**Problem details:**
Set down the final stretch of the data, from the line that holds "Meters and whole degrees." through the last line, both included, with pictures left out.

**Data segment:**
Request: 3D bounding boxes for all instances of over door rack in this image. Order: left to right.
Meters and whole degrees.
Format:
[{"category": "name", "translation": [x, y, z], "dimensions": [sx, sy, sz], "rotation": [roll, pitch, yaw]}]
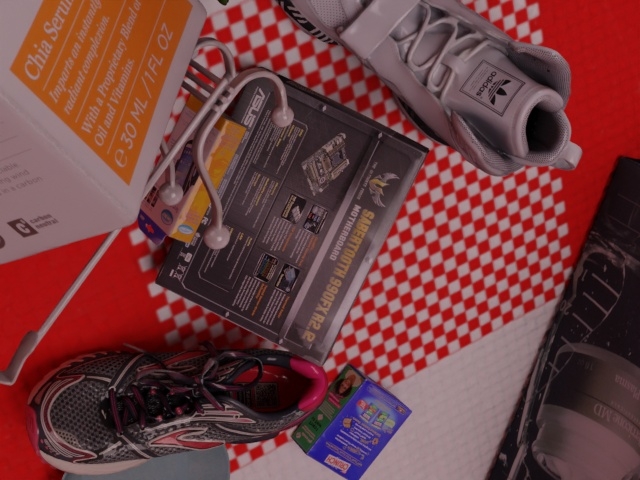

**Expected output:**
Meters and whole degrees.
Format:
[{"category": "name", "translation": [x, y, z], "dimensions": [sx, sy, sz], "rotation": [roll, pitch, yaw]}]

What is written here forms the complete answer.